About the Role
Develop and maintain scalable AI infrastructure solutions that support high-performance computing environments for advanced machine learning applications.
Responsibilities
- Architect robust systems for AI-driven data center operations
- Optimize infrastructure performance for large-scale model training
- Collaborate on developing automation tools for system deployment
- Ensure reliability and scalability of compute and storage resources
- Integrate hardware and software components for AI workloads
- Troubleshoot complex system-level issues in distributed environments
- Support the deployment of AI-optimized server platforms
- Improve system efficiency through performance benchmarking
- Develop monitoring solutions for infrastructure health
- Work closely with research and development teams on system requirements
- Implement secure and resilient infrastructure designs
- Contribute to the design of next-generation data center technologies
- Manage firmware and driver integration for AI platforms
- Enable low-latency communication across computing nodes
- Support rapid iteration cycles for infrastructure upgrades
- Ensure compatibility across heterogeneous computing architectures
- Drive improvements in power and thermal efficiency
- Participate in defining standards for AI infrastructure
- Maintain documentation for system configurations and processes
- Respond to critical production incidents with speed and precision
- Evaluate emerging technologies for potential integration
- Optimize resource utilization in virtualized environments
- Support global deployment of AI infrastructure solutions
- Collaborate across engineering disciplines for end-to-end delivery
- Contribute to capacity planning for growing AI workloads
Nice to Have
- Master’s or PhD in a technical field
- Direct experience with AI model training infrastructure
- Background in cloud-scale data center operations
- Experience with RDMA and high-speed interconnects
- Knowledge of AI frameworks like TensorFlow or PyTorch
- Familiarity with hardware accelerators beyond GPU
- Experience with large-scale fleet management
- Contributions to open-source infrastructure projects
- Published work in systems or AI conferences
- Experience with formal verification methods
Compensation
Competitive salary and comprehensive benefits package including equity incentives and performance bonuses.
Work Arrangement
Hybrid work model with flexibility based on role and location.
Team
Part of a global engineering team focused on advancing AI infrastructure at scale.
About DGXC Lepton
- DGXC Lepton is a specialized initiative focused on accelerating AI infrastructure innovation through tightly integrated hardware and software solutions.

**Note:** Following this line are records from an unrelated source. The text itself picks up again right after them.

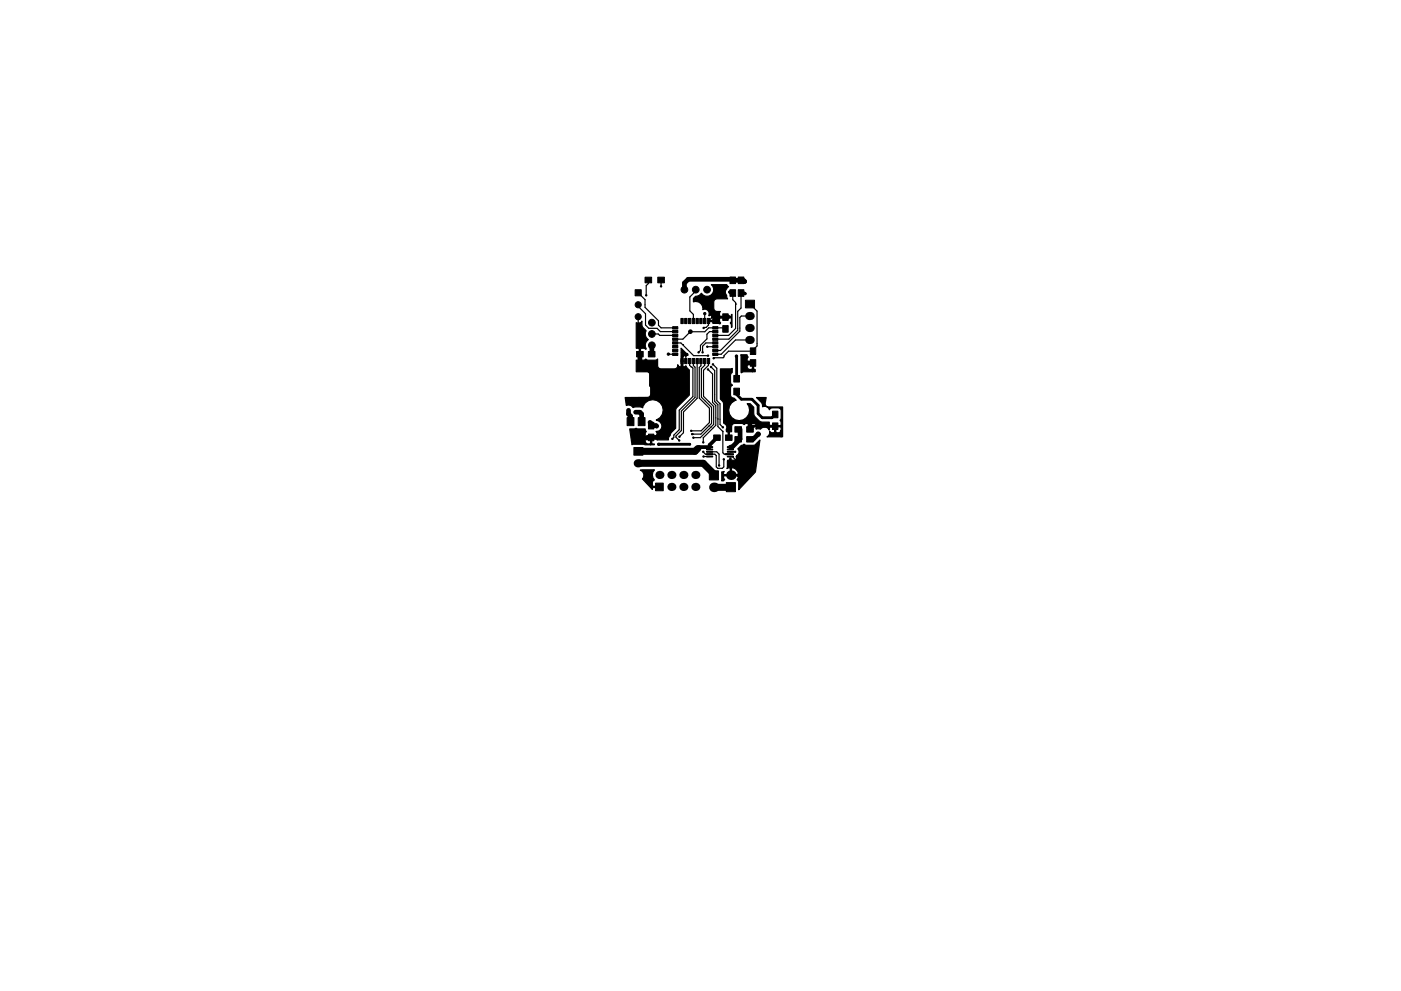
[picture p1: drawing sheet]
<svg xmlns="http://www.w3.org/2000/svg" width="297mm" height="210mm" viewBox="0 0 297 210" stroke-linecap="round" stroke-linejoin="round" font-family="sans-serif">
<g fill="#000" stroke="#000" stroke-width=".21">
<path d="M136.8 58.8h1.4v1.2h-1.4zM139.5 58.8h1.4v1.2h-1.4zM154.8 58.8h1.2v1.4h-1.2zM156.5 58.8h1.2v1.4h-1.2zM134.7 61.5h1.3v1.3h-1.3zM135 74.6h1.4v1.1h-1.4zM137.5 74.6h1.4v1.1h-1.4zM142.6 74.9h1.1v.5h-1.1zM142.6 74.1h1.1v.5h-1.1zM142.6 73.3h1.1v.5h-1.1zM142.6 72.5h1.1v.5h-1.1zM142.6 71.7h1.1v.5h-1.1z"/>
<path d="M142.6 70.9h1.1v.5h-1.1zM142.6 70.1h1.1v.5h-1.1zM142.6 69.3h1.1v.5h-1.1zM144.4 67.6h.5v1.1h-.5zM144.4 76.1h.5v1.1h-.5zM145.2 67.6h.5v1.1h-.5zM145.2 76.1h.5v1.1h-.5zM146 67.6h.5v1.1h-.5zM146 76.1h.5v1.1h-.5zM146.8 67.6h.5v1.1h-.5zM146.8 76.1h.5v1.1h-.5zM147.6 67.6h.5v1.1h-.5z"/>
<path d="M147.6 76.1h.5v1.1h-.5zM148.4 67.6h.5v1.1h-.5zM148.4 76.1h.5v1.1h-.5zM149.2 67.6h.5v1.1h-.5zM149.2 76.1h.5v1.1h-.5zM150 67.6h.5v1.1h-.5zM150 76.1h.5v1.1h-.5zM151.1 69.3h1.1v.5h-1.1zM151.1 70.1h1.1v.5h-1.1zM151.1 70.9h1.1v.5h-1.1zM151.1 71.7h1.1v.5h-1.1zM151.1 72.5h1.1v.5h-1.1z"/>
<path d="M151.1 73.3h1.1v.5h-1.1zM151.1 74.1h1.1v.5h-1.1zM151.1 74.9h1.1v.5h-1.1zM153.2 66.6h1.2v1.4h-1.2zM153.2 69.1h1.2v1.4h-1.2zM154.8 61.5h1.2v1.4h-1.2zM155.6 79.7h1.2v1.4h-1.2zM156.5 61.5h1.2v1.4h-1.2zM158 63.7h2v1.6h-2zM159.1 73.8h1.1v1.4h-1.1zM159.1 76.3h1.1v1.4h-1.1zM133 88.6h1.4v1.7h-1.4z"/>
<path d="M134.4 94.9h1.9v1.7h-1.9zM135.3 88.6h1.5v1.7h-1.5zM137.5 89.6h1.1v1.4h-1.1zM137.5 92.1h1.1v1.4h-1.1zM149.8 96.8h1.3v.2h-1.3zM149.8 96.3h1.3v.2h-1.3zM149.8 95.8h1.3v.2h-1.3zM149.8 95.3h1.3v.2h-1.3zM149.8 94.8h1.3v.2h-1.3zM151.3 92.3h1.4v1.1h-1.4zM153.8 92.3h1.4v1.1h-1.4zM154.2 94.8h1.3v.2h-1.3z"/>
<path d="M154.2 95.3h1.3v.2h-1.3zM154.2 95.8h1.3v.2h-1.3zM154.2 96.3h1.3v.2h-1.3zM154.2 96.8h1.3v.2h-1.3zM155.6 82.4h1.2v1.4h-1.2zM155.8 90.5h1.4v1.2h-1.4zM155.8 92.6h1.4v1.2h-1.4zM158.3 90.5h1.4v1.2h-1.4zM158.3 92.6h1.4v1.2h-1.4zM163.8 89.7h1.1v1.4h-1.1zM163.8 87.2h1.1v1.4h-1.1zM139 102.5h1.6v1.6h-1.6z"/>
<path d="M150.4 99.9h1.9v1.9h-1.9zM154 102.4h1.9v1.9h-1.9z"/>
<circle cx="157.9" cy="59.7" r=".25"/>
<circle cx="135.3" cy="64.7" r=".65"/>
<circle cx="135.3" cy="67.2" r=".65"/>
<circle cx="135.7" cy="71.9" r=".15"/>
<circle cx="136.8" cy="78.3" r=".25"/>
<circle cx="137" cy="62.7" r=".15"/>
<circle cx="138.2" cy="68.5" r=".71"/>
<circle cx="138.2" cy="73.3" r=".71"/>
<circle cx="138.2" cy="70.9" r=".71"/>
<circle cx="140.2" cy="60.8" r=".15"/>
<circle cx="141.7" cy="75.1" r=".25"/>
<circle cx="145.1" cy="61.5" r=".71"/>
<circle cx="145.7" cy="75.2" r=".15"/>
<circle cx="146.4" cy="70.4" r=".25"/>
<circle cx="147.5" cy="61.5" r=".71"/>
<circle cx="148.1" cy="74.8" r=".15"/>
<circle cx="149" cy="74.8" r=".15"/>
<circle cx="149.2" cy="69.6" r=".15"/>
<circle cx="149.4" cy="66.5" r=".25"/>
<circle cx="149.9" cy="61.5" r=".71"/>
<circle cx="150" cy="73.6" r=".15"/>
<circle cx="150.1" cy="78.4" r=".15"/>
<circle cx="150.1" cy="75.5" r=".15"/>
<circle cx="150.8" cy="77.9" r=".15"/>
<circle cx="151.2" cy="77.3" r=".15"/>
<circle cx="151.3" cy="76" r=".15"/>
<circle cx="154.3" cy="67.2" r=".25"/>
<circle cx="154.7" cy="62" r=".25"/>
<circle cx="156.1" cy="75.6" r=".25"/>
<circle cx="158" cy="62.3" r=".25"/>
<circle cx="158" cy="77.1" r=".25"/>
<circle cx="133.3" cy="87.1" r=".25"/>
<circle cx="134.8" cy="87.5" r=".25"/>
<circle cx="137.2" cy="93" r=".25"/>
<circle cx="137.8" cy="89.6" r=".25"/>
<circle cx="139.2" cy="90.4" r=".35"/>
<circle cx="139.7" cy="94.3" r=".25"/>
<circle cx="142.3" cy="82.3" r=".25"/>
<circle cx="142.3" cy="85.7" r=".25"/>
<circle cx="142.6" cy="93.1" r=".15"/>
<circle cx="144" cy="93.5" r=".15"/>
<circle cx="144.1" cy="92.7" r=".15"/>
<circle cx="146.3" cy="94.3" r=".15"/>
<circle cx="146.6" cy="91.4" r=".15"/>
<circle cx="146.8" cy="92.1" r=".15"/>
<circle cx="147" cy="92.9" r=".15"/>
<circle cx="149.1" cy="93.9" r=".15"/>
<circle cx="149.1" cy="95.9" r=".15"/>
<circle cx="149.2" cy="96.9" r=".15"/>
<circle cx="152.5" cy="98.8" r=".15"/>
<circle cx="153.3" cy="90.7" r=".15"/>
<circle cx="153.5" cy="97.5" r=".15"/>
<circle cx="154" cy="96.4" r=".15"/>
<circle cx="154.6" cy="92.9" r=".35"/>
<circle cx="155.9" cy="95.9" r=".15"/>
<circle cx="157.1" cy="98.7" r=".15"/>
<circle cx="159.6" cy="89" r=".45"/>
<circle cx="160.8" cy="92.1" r=".45"/>
</g>
<g fill="#000">
<circle cx="139.8" cy="100.8" r=".86"/>
<circle cx="142.3" cy="103.3" r=".86"/>
<circle cx="142.3" cy="100.8" r=".86"/>
<circle cx="144.9" cy="103.3" r=".86"/>
<circle cx="144.9" cy="100.8" r=".86"/>
<circle cx="147.4" cy="100.8" r=".86"/>
<circle cx="147.4" cy="103.3" r=".86"/>
<circle cx="151.4" cy="103.4" r="1.02"/>
<circle cx="155" cy="100.8" r="1.02"/>
</g>
<path d="M158.9 67h.3M158.9 69.6h.3M158.9 72.1h.3M135.2 98.3h.3" fill="none" stroke="#000" stroke-width="1.7"/>
<g fill="none" stroke="#000" stroke-width="1">
<path d="M157.9 59.7l-.3-.2h-2.2l-.2-.2h-9.3l-.8 .8v1.4M157.9 59.7h.1M135.7 75.1v2.5l.7 .7 1 .1 .7 .7v2.6l.6 .6h3.6v7.4l-3.1 3.1h-1.9l-.1 .2M138.2 73.3v1.8M146.4 70.4h.1M154.3 67.2l-.5 .1M159.7 77l-1.7 .1M133.3 87.1v.8l.4 .4v1.2M133.6 89.5h.2M134.8 87.5h.9l.3 .3v1.7M137.8 89.6l.3 .3v.4l1.1 .1M156.9 91.1v2.1l-1.7 1.7h-.3"/>
<path d="M159.6 89l-.6 .6v1.5M160.8 92.1l-1.1 1.1h-.7"/>
</g>
<g fill="none" stroke="#000" stroke-width=".25">
<path d="M137.5 59.4v.8l-.5 .4v2.1M140.2 59.4v1.4M135.3 67.2v4.3l.4 .4M135.3 62.1l1.5 1.5v1.6l2.8 2.9v.9l.6 .6h3M135.7 64.7h-.4v.3l1.6 1.6v2.4l.7 .7h1.7l.7 .7h3.2M138.2 70.9h1.4l.3 .3h3.3M141.7 75.1l1.5 .1M143.2 72.8h1.2l2.7 2.7h3M144.7 73.1h.1M145.7 75.2l-.3 .2v1.2h-.8M146.2 76.6v.9l.7 .6v6l-2.9 2.9v4.2l-1.1 1.1v.5l-.3 .3M147 76.6v1l.4 .3v6.4l-2.9 2.9v4.2l-1.2 1.1v.3l.7 .7"/>
<path d="M147.5 61.5v.3l-1.2 1.2v3l.7 .7v1.4M147.8 76.6v7.9l-2.9 2.9v4.4l-.8 .9M148.6 76.6v1l-.3 .4v6.5l2.1 2.1v3.1l-1.7 1.7h-2.1M149.4 76.6v.9l-.7 .7v6.1l2.2 2.1v3.5l-2.3 2.2h-1.8M149.4 66.5v1.6M150 73.6h1.7M150.1 78.4l1 .9v6.1l.7 .6v4.2l-2.7 2.7M150.2 76.6v.9l-1 1.1v5.5l2.1 2.1v3.8l-2.8 2.9h-1.5M150.8 77.9l.7 .7v6.6l.7 .7v4.6l1.1 1.1M151 67.3l-.8 .8v.9l-.5 .5-.5 .1M151.2 77.3l.8 .8v6.9l.7 .7v4.4l.6 .6M151.7 70.4h-1.3l-.5 .5v1l-1.4 1.4v1.1l-.4 .4"/>
<path d="M151.7 72.8h-2l-.7 .7v1.3M153.8 67.3h.4M153.8 69.8l-.2-.2h-3.3l-.9 .8h-3l-1.6 1.6h-1.6M155.4 62.2v1.4l.6 .6v5.5l-1.5 1.5h-2.8M156 64.5h.1M157.1 62.2v3.2l-.7 .7v4l-1.9 1.9h-2.8M159 72.1h-3.1l-3 3.1h-1.2M159 64.5l1.5 1.5v7.4l-.8 .9v.2h-5.2l-1 1-.2 .4-2 .1M159 67h-1.8l-.3 .4v2.9l-4.1 4.1h-1.1M159.7 74.5h-.2M146.8 92.1h.1M149.1 95.9l.5 .5h2l.3 .3v2.4l.3 .3h1l.3-.3v-1.6"/>
<path d="M149.1 92.9v1M149.1 92.9h.1M149.2 96.9h1.3M150.2 91.1h.1M150.2 85.2h.1M150.4 90.4h.1M150.5 94.9v.5M150.5 95.9h1.5l.5 .5v2.4M153.3 91.5v4.6l.3 .3h1.3M154.9 94.9v.5M154.9 96.9h.4l1.8 1.8M154.9 95.9h1"/>
<path d="M156.1 80.1v.4M156.1 83v.3M159 91.1h.7M164 87.9h.5"/>
</g>
<path d="M145.7 75.2h-.6l-.5 .5v5.5l-1.1 1.1h-1.2M151 67.3h2.8M154.7 62l.2 .2h.5M156.1 75.6l.1 4.8M157.1 62.2l.9 .1M139.7 94.3h6.6M154.5 92.9h.1M156.2 83.1v.6l1 1h2.2l1.3 1.3v1.8l.9 .8h2.1l.7-.7M164.4 90.4h-4.7l-.7 .7" fill="none" stroke="#000" stroke-width=".6"/>
<path d="M152 92.9l-1.5 1.5v.5h-2.2l-.3 .3" fill="none" stroke="#000" stroke-width=".8"/>
<path d="M135.4 98.3h13.7l2.3 2.3v.3M148 95.2l-.6 .6h-12M155 103.4h-3.6" fill="none" stroke="#000" stroke-width="1.5"/>
<path d="M135.1 67.2l.2-.2 .2 .2-.2 .2zM144.5 76.3l.3 .2v.2l-.3 .2zM144.4 73.9l1.4 1.5a.55 .55 0 0 1-.8 0l-.2 .1-.3 .4zM147.5 62.9a1.31 1.31 0 0 0 1.2-.7 1.41 1.41 0 0 0 2.1 .3 1.41 1.41 0 0 0 0-2.1h3.3l.4 .4a1.25 1.25 0 0 0-.4 1.8l.2 .8h-2.3a.68 .68 0 0 0-.7 .7v1.3a.69 .69 0 0 0 .7 .7h.7l-.1 .3v.6l.1 .2h2.2l.3-.5v2.7l-.1 .1-.1-.7-.2-.3 .3-.3v-.6l-.2-.2h-2.2l-.1 .2v.6l.2 .3-.2 .2-1.5-.1-.1-.4h-.6v-.2h.6l.1-.2-.1-.7-.4-.2-.3 .1v-.1a.93 .93 0 0 0-.2-1.1 .93 .93 0 0 0-1.1-.1 1.49 1.49 0 0 0-2-1.7v-.7zM158.9 69.4l.3 .1-.1 .2h-.2zM157 75.3h1.4l.2 .5-.2 .3v.6l.2 .2h1.2v1.3l.3 .2v.5h-.6v-1.8h-.9l-.2 .2v.6a.69 .69 0 0 0 1.1 .3v.7h-1.8l-.6 .1zM134.9 68.5h.7l.5-.3a1.72 1.72 0 0 0 .9 2 1.38 1.38 0 0 0 .5 1.9 1.52 1.52 0 0 0-.5 2l-.5-.2h-.5l-.2 .1v2.2l.2 .2h.5l.4-.2 .5 .2h1.5l.5-.2v1.4a.69 .69 0 0 0 .7 .7h2.9a.72 .72 0 0 0 .7-.9l.3 .3 .3 .1 .2-.4 .3 .3a.43 .43 0 0 0 .6-.1l.8 .9v5.3l-2.9 2.9-.1 4.2-.9 .9-.2 .6a.82 .82 0 0 0-.4 .9l-2.4 .1-.1-.5h-1v1.1l.1 .2h.4v.2h-.8v-1.5h-.9l-.2 .2v.6a.69 .69 0 0 0 1.1 .3v.4l-1.5-.2-2.4 .2-.5-3.4 1.4-.1 .4 .1h1.5l.2 .6-.2 .3v.6l.2 .2h2.2l.1-.2v-.6l-.2-.3a1.23 1.23 0 0 0 1.2-1.2 1.23 1.23 0 0 0-1.2-1.3 2.2 2.2 0 0 0 .8-3.7 2.2 2.2 0 0 0-3.6 1.1 2.46 2.46 0 0 0-2.1 0 1.08 1.08 0 0 0-1.4-.5l-.2-1.7h4.7l.5-.2 .2-.5v-4a.69 .69 0 0 0-.7-.7h-2.4v-2.5h.5l.1-.2v-2.2l-.1-.1h-.5zM156.4 95.2l.8-.7 .6-.3 .5 .3 1.7-.1 1.1-1-.9 6.7-3.6 3.8v-1.6l-.3-.5a1.63 1.63 0 0 0-1-2.6l-.2 .1v1.4h1.3l.2-.3v.8l-.2-.3h-2.9l-.1 .3 .2 .6-.2 .2h-.4v-1.9l.5-.1-.1 .4 .1 .3h1.3v-1.4l-.2-.1-.5 .2 .2-1.8 .4-.1v-.3h.3l.1 .4 .8-.1 .3-.4-.2-.2 .2-.3a.83 .83 0 0 0 .2-1.4zM152.7 78.3l2.5-.1v.8l-.3 .6v1.5l.4 .6-.4 .6v1.5a.66 .66 0 0 0 .7 .7l.5 .4a2.21 2.21 0 0 0-1.4 3 2.21 2.21 0 0 0 3.2 1 2.21 2.21 0 0 0 .5-3.3h.6l.8 .8a2.6 2.6 0 0 0 3.3 3.2v.5l.2 .2h2.2l.1-.2v-.5l-.2-.4 .2-.5v-1.5a.65 .65 0 0 0-.6-.7l-1.5 .1-.4 .3a1.04 1.04 0 0 0-1.4-.6l-.1-.6-1.2-1.4h2l-.2 1.2a.7 .7 0 0 0 .7 .8h3v6.4h-.3v-2l-.1-.1h-1v1.1l.4 .1a.65 .65 0 0 0 .7-.5v1.4h-3a1.04 1.04 0 0 0 .6-1.2l.4 .3h.5l.1-.1v-1.1h-.9l-.2 .1v.6a1.08 1.08 0 0 0-1.9-.2l-1-.1 .2-.4a.65 .65 0 0 0-.5-.8h-.6l-.2 .2 .1 1.2-.3 .1v-1.3l-.2-.2h-.6l-.3 .3-.5-.3h-1.5a.65 .65 0 0 0-.7 .7v1.1l-.5 .2v1.2h-.2v-1.2a.58 .58 0 0 1-.3-1 .99 .99 0 0 0-.7-1.1v-4l-.2-.6-.5-.4zM135.7 99.8l3-.1a1.56 1.56 0 0 0 0 2.1l-.4 .5v.7l.2 .2h1.4l.1 .2h-1.5l-.2 .4-2.1-2.2a1.12 1.12 0 0 0-.5-1.8z" fill="#000" stroke="#000" stroke-width=".25"/>
</svg>

- The team develops next-generation platforms that power large-scale AI training and inference workloads.
- Projects emphasize performance, scalability, and efficiency in data center environments.
Impact
- Engineers contribute directly to foundational technologies enabling breakthroughs in artificial intelligence.
- Work impacts a wide range of applications from scientific research to industrial AI deployment.
- Solutions are deployed globally across enterprise and cloud environments.
Visa sponsorship is available for qualified candidates.